Refinding https://www.ctcms.nist.gov/~langer/oof2man/RegisteredClass-Bunge.html has reminded me one of the reasons we do this, when working with Euler Angles (bad, don't do this etc.) it is way more natural to use the Rowenhorst/Bunge version as each angle corresponds to a rotation about a crystallographically known axis.
Basically, I think we have the choice now, but it might be good to spend a little while about which operations are easier to keep track of in which conventions. For example:
A * B * v
for rotations A, B and vector v reads like rotate v by B and then by A which (I think) is only true for one of the conventions.
UPD: or similarly:
A^{-1} B
should be the misorientation that takes Orientation A to Orientation B
Hm, the references you're giving above to Bunge and Rowenhorst et al. are in line with https://github.com/pyxem/orix/pull/234#issuecomment-988136832, right? Code in that comment use existing orix functionality (and the current status of the unit cell plot PR with inverted rotations).
A * B * v
The last example of combining rotations in that comment assumes A rotates B, which is in line with Bunge, right?

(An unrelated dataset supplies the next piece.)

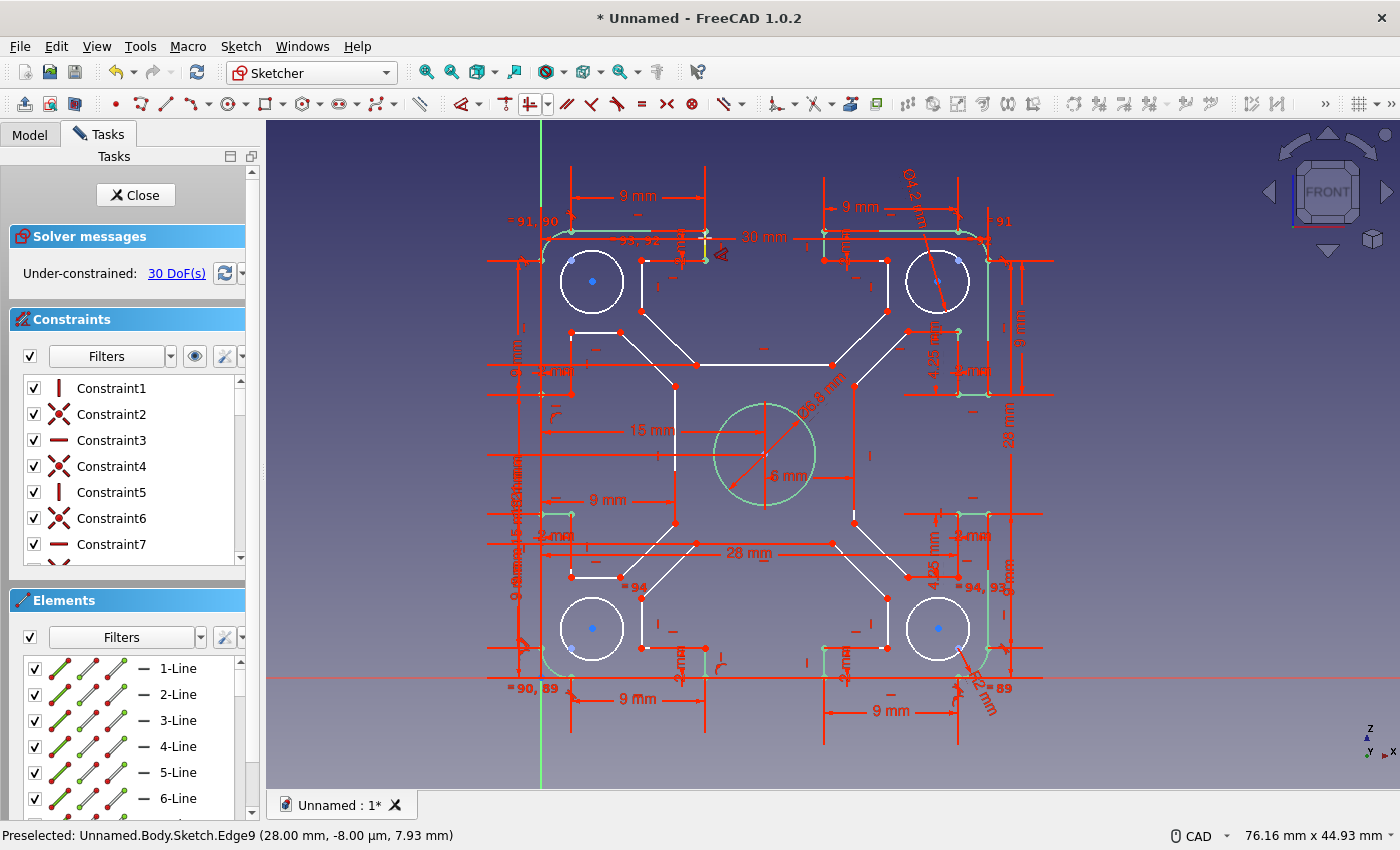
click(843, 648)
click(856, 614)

(and almost certainly all current orix code) treats an orientation as
crystal2lab
The examples in the comment (and direct comparison of rotation conversions and quaternion/vector multiplication to the 3Drotations supplementary material to the Rowenhorst paper) tells me the crystal2lab and lab2crystal parameter arguments in from_euler() are mixed up, and that orix is in line with Rowenhorst/Bunge.

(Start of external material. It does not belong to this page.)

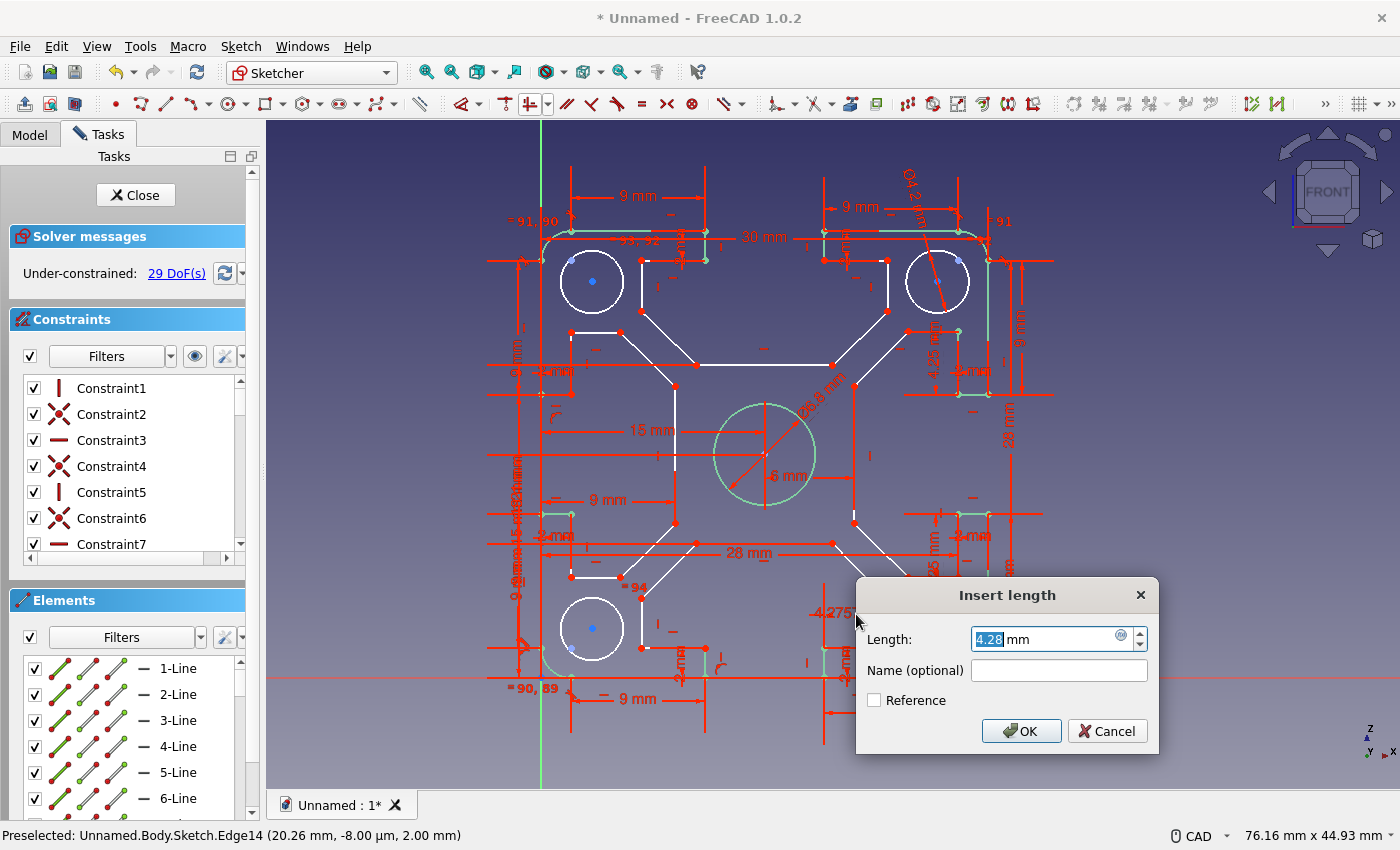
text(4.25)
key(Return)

I agree with the comment above. I think [2] might be wrong in it's explanation. The convention would then be that of Rowenhorst/Bunge/https://github.com/pyxem/orix/pull/234#issuecomment-988136832
For the documentation we can write something like:
- An orientation is the rotation needed to take the lab coordinates to the local crystal coordinates
- A misorientation between rotation A and B is described by
- To rotate a vector (described in lab coordinates) to align with a crystal coordinates
- To combine rotation do
========
My only final thought is what we say about passive/active, I (personally) find the terminology needlessly involved for working with two sets of axes (lab and crystal) but am open to thoughts.
I think this means that orix is currently consistent (although the manuscript about it is incorrect) and we simply had a case of "We (the developers) are starting to learn that anything other than extremely well documented conventions will lead to problems."
I agree with the comment above
That's a relief! The list of conventions to write down in the documentation looks good.
I (personally) find the terminology needlessly involved for working with two sets of axes (lab and crystal)
I agree.
I think this means that orix is currently consistent
This is my experience.
"We (the developers) are starting to learn that anything other than extremely well documented conventions will lead to problems."
Big thanks to @harripj for continuing on #234 and to you (@pc494) for raising this issue!
We wait to 0.9 for documenting these conventions, right? If so I think #236 must wait as well.
Actually, we could do a v0.8.1 with documentation of these conventions, as I don't see any new functionality being added. What do you think?
I was expecting web style documentation (which can be done in a patch version).
I prefer notebooks because then we can explain the conventions with examples and plots. Much like the previous notebook I've listed above with unit cell plots, IPFs and PFs.
Sorry, yes, I agree, by "web style" I mean stuff that goes up to read-the-full-docs and has a balance of words and code
Oh, I misunderstood you and spoke to strongly... Sorry. We fully agree then! Should we have a minimal example of this in v0.8?
Oh, I misunderstood you and spoke to strongly... Sorry. We fully agree then! Should we have a minimal example of this in v0.8?
Not a problem, I understood you once I engaged my brain!
If you mean a minimal example of the conventions, I would prefer not too until we're sure all the code behaves, if you mean the notebooks, that might be a good idea, although I would lean towards getting something out at this point and maybe patching in the new year if needs be.